At Pinpoint, we think about this constantly, for the obvious reason that it's the job. We ship around a dozen product releases a year, so the product a customer adopted keeps growing underneath them, and our customers tend to describe the relationship in terms that have nothing to do with a feature list.
Aspire Allergy calls us a partner they're excited to build with for the long term, River Island talks about growing with the system rather than out of it, and LOCALiQ describes the experience as staying ahead of the curve.
None of that describes a product that was perfect on day one. It describes a system and the team behind it that kept fitting as those organizations changed.
The Josh Bersin Company makes a related point from the other direction, arguing that organizations should review their HR technology regularly, as an ongoing discipline that treats the stack as something you keep tending rather than set and forget.

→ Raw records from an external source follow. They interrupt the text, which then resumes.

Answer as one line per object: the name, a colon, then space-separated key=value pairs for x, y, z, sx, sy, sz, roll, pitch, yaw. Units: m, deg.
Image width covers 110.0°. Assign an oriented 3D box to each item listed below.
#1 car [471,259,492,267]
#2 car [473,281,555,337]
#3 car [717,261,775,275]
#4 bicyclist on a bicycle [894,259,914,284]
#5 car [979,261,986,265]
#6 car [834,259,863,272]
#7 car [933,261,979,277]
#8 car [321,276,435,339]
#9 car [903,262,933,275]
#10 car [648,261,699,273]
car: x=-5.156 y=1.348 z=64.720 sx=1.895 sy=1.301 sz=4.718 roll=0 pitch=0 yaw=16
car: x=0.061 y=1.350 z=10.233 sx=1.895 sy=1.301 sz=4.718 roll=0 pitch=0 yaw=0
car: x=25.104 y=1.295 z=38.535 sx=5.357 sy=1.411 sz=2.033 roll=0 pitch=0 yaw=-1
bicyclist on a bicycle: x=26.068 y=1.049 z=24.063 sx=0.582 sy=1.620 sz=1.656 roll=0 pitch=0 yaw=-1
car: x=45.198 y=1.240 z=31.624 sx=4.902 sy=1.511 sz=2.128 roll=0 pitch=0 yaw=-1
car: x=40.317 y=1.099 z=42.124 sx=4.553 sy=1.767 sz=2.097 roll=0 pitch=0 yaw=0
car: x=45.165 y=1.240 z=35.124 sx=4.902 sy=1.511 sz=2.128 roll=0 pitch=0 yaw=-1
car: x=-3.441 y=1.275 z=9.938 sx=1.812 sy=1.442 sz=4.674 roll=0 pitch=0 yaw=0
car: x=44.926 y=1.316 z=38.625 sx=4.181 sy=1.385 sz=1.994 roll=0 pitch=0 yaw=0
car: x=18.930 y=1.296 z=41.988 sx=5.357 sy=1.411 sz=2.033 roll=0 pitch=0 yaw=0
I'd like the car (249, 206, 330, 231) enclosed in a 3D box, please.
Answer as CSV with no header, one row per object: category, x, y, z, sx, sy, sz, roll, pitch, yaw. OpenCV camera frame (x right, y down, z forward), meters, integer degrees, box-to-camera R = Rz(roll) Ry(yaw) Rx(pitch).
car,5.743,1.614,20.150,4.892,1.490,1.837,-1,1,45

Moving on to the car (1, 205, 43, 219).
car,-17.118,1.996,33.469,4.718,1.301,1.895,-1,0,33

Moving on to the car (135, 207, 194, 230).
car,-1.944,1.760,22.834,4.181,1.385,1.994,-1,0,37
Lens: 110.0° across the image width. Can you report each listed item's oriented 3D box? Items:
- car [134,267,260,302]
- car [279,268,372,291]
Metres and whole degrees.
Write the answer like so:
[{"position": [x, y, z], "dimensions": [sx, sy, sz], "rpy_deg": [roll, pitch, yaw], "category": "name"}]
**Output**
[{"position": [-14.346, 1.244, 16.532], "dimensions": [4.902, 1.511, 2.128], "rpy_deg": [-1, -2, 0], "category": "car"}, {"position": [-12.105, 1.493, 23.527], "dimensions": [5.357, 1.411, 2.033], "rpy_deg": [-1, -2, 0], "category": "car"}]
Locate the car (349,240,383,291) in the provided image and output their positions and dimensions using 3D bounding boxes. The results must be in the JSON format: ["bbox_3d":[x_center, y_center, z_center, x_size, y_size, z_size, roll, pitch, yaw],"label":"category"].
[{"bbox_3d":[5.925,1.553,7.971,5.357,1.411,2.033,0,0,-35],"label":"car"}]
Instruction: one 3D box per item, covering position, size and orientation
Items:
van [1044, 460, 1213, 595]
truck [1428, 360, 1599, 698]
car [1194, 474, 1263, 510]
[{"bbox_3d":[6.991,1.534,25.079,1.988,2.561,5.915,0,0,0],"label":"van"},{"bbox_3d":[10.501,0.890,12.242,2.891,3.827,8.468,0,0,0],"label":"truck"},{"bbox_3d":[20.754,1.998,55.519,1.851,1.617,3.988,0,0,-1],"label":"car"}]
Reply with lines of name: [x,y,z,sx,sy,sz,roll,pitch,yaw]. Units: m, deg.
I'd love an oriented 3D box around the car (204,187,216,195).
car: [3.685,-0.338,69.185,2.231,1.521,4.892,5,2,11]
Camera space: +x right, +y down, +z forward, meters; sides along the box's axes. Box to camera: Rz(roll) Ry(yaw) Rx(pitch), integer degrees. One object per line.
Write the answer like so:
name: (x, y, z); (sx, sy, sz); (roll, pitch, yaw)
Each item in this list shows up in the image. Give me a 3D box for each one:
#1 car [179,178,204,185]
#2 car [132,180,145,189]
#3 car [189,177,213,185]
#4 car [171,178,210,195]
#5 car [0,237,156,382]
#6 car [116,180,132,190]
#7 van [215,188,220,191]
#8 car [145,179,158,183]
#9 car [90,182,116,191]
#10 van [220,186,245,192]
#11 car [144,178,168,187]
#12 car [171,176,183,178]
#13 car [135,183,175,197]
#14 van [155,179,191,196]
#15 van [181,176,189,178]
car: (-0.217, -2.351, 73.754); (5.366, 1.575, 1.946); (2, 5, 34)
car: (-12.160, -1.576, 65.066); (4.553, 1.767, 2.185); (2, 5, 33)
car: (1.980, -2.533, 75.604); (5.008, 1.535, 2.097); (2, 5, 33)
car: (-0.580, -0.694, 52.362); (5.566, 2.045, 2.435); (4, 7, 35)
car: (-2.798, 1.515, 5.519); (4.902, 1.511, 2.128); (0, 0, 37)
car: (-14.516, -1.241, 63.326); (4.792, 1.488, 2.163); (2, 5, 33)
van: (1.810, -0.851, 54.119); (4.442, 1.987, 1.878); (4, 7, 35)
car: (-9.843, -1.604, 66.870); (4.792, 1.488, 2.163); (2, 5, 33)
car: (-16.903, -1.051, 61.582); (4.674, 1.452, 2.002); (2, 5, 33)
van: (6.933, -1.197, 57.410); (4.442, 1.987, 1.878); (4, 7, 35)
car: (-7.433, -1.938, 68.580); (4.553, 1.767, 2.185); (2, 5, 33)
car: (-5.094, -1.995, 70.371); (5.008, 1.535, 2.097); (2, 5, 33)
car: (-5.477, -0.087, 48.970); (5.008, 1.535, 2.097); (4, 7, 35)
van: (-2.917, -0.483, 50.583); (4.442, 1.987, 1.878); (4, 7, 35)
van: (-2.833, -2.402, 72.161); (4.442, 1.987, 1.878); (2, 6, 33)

That's the same instinct from the buyer's side of the table. Evolution is an ongoing practice rather than a one-off event, and the real difference is whether your system and your vendor are built to make that practice easy or to turn it into a fight.
So if you're two or three years into a system that's started to slip, I'd push back on the instinct to treat another full replacement as the only fix.
Before you start the search, ask the more useful questions: whether the system you have can bend to where the organization is now or is stuck at the snapshot you configured at go-live, whether your team can drive that change or is left waiting on someone else, and whether anyone on the vendor's side has keeping it current as their job.
If the honest answers come back no, the features were never the real problem.
The system, and the relationship behind it, weren't built to evolve, and that's what to fix in the next decision, something that runs deeper than the logo on the login screen.
A hiring system is a relationship more than a thing you install once and own, something that has to keep pace with you while everything around you moves.
Choose for the decade, not the demo.